Work instructions: Only the pictures are to be left out; write out the rest of the data exactly.

*** Data for the task ***

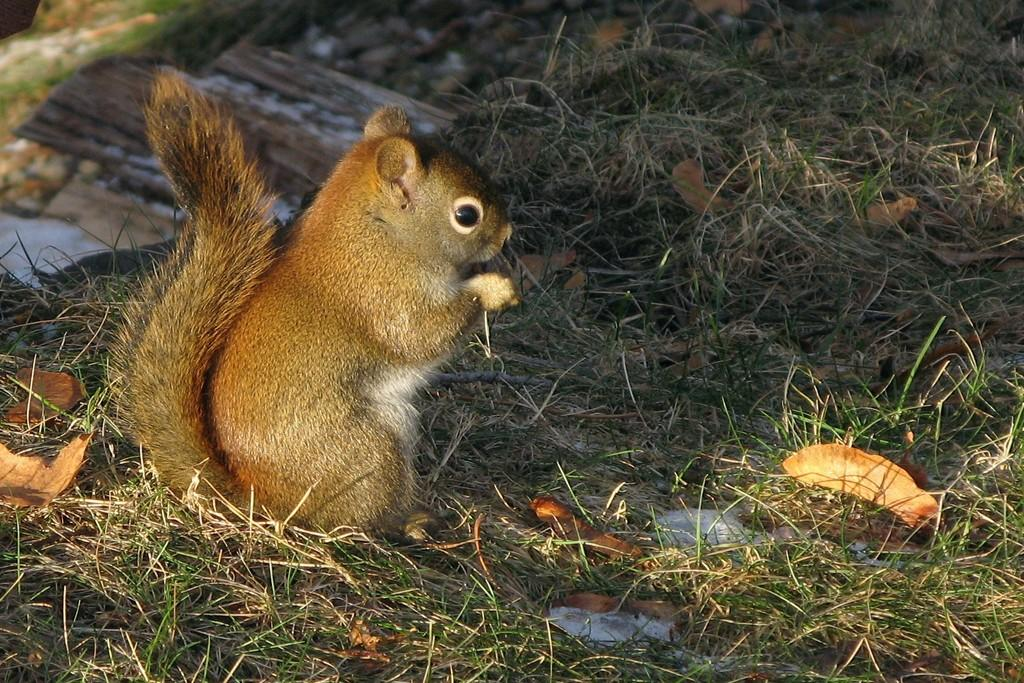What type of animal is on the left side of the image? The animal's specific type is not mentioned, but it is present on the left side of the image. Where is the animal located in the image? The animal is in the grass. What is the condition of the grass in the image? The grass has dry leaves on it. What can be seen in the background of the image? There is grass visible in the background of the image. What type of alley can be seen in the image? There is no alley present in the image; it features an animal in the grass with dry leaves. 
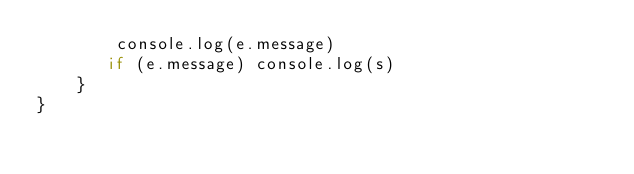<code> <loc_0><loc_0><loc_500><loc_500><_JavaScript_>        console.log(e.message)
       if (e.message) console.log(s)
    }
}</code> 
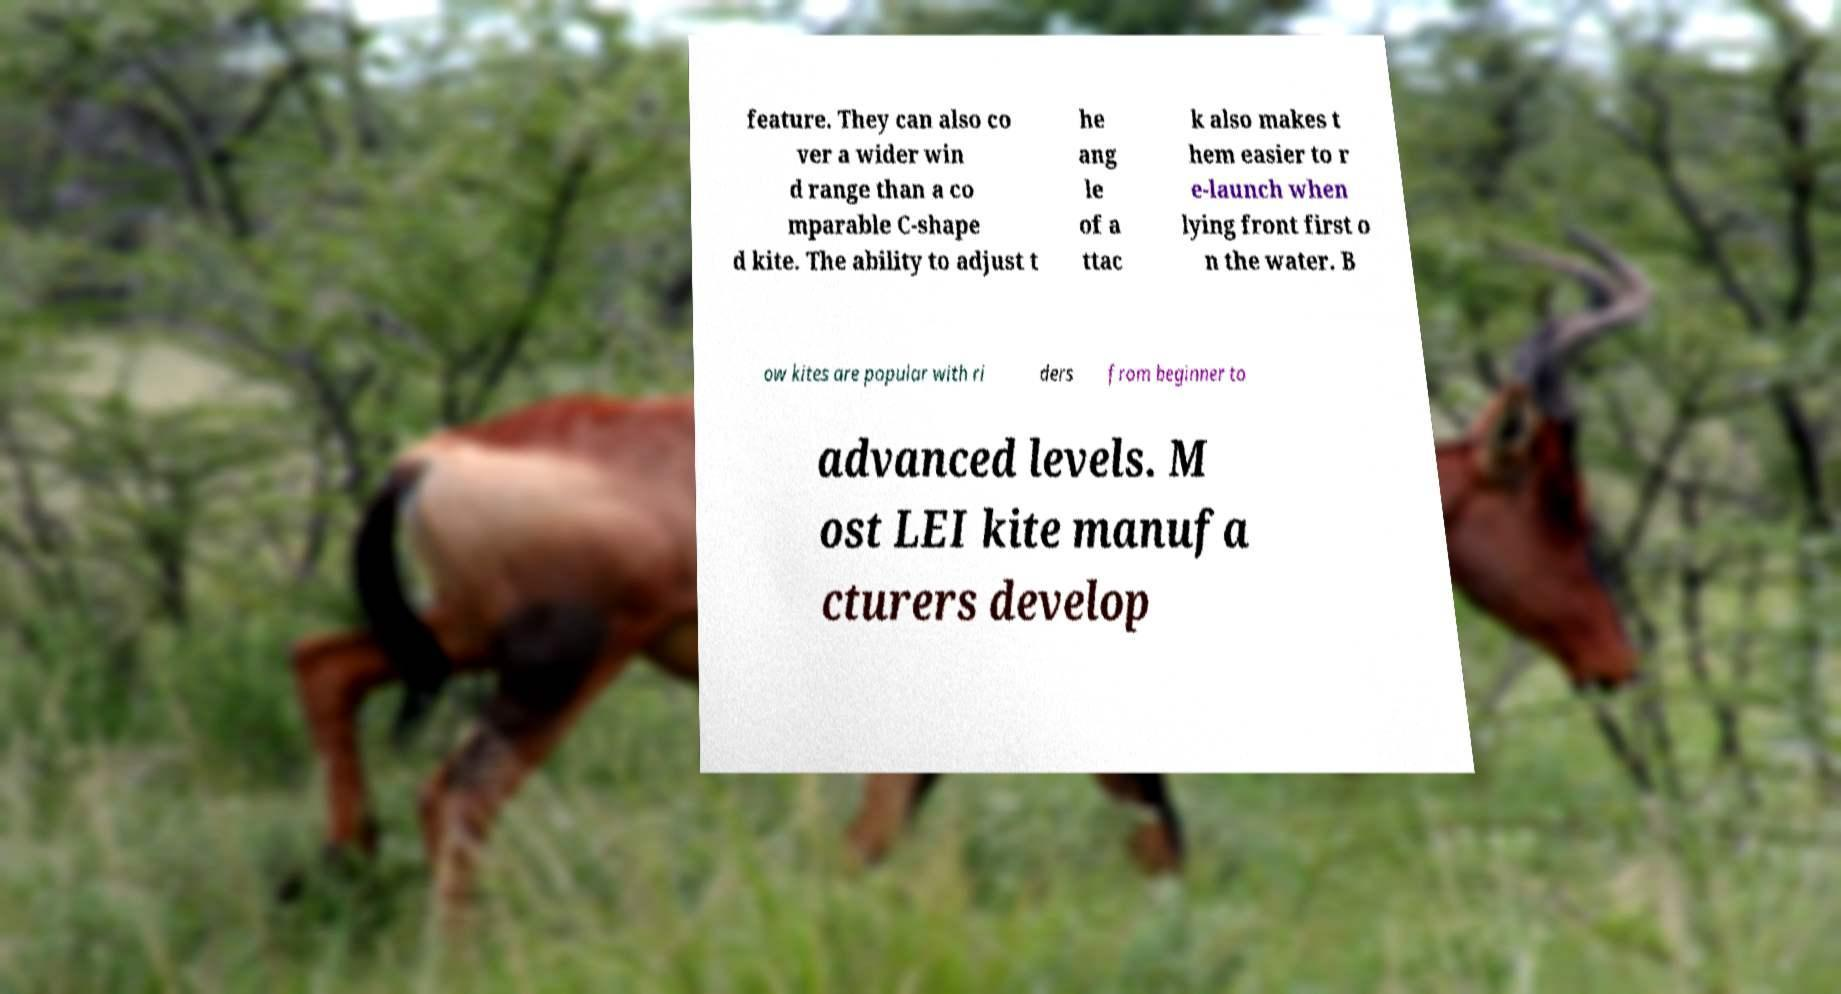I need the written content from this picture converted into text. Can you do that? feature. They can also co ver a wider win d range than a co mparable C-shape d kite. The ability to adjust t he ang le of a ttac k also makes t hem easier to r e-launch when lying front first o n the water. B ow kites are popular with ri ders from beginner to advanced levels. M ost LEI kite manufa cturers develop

*** End of Data for the task ***

Solution to the exercise:
What type of animal is on the left side of the image? The animal's specific type is not mentioned, but it is present on the left side of the image. Where is the animal located in the image? The animal is in the grass. What is the condition of the grass in the image? The grass has dry leaves on it. What can be seen in the background of the image? There is grass visible in the background of the image. What type of alley can be seen in the image? There is no alley present in the image; it features an animal in the grass with dry leaves. 
<code> <loc_0><loc_0><loc_500><loc_500><_JavaScript_>        console.log(e.message)
       if (e.message) console.log(s)
    }
}</code> 
I need the written content from this picture converted into text. Can you do that? feature. They can also co ver a wider win d range than a co mparable C-shape d kite. The ability to adjust t he ang le of a ttac k also makes t hem easier to r e-launch when lying front first o n the water. B ow kites are popular with ri ders from beginner to advanced levels. M ost LEI kite manufa cturers develop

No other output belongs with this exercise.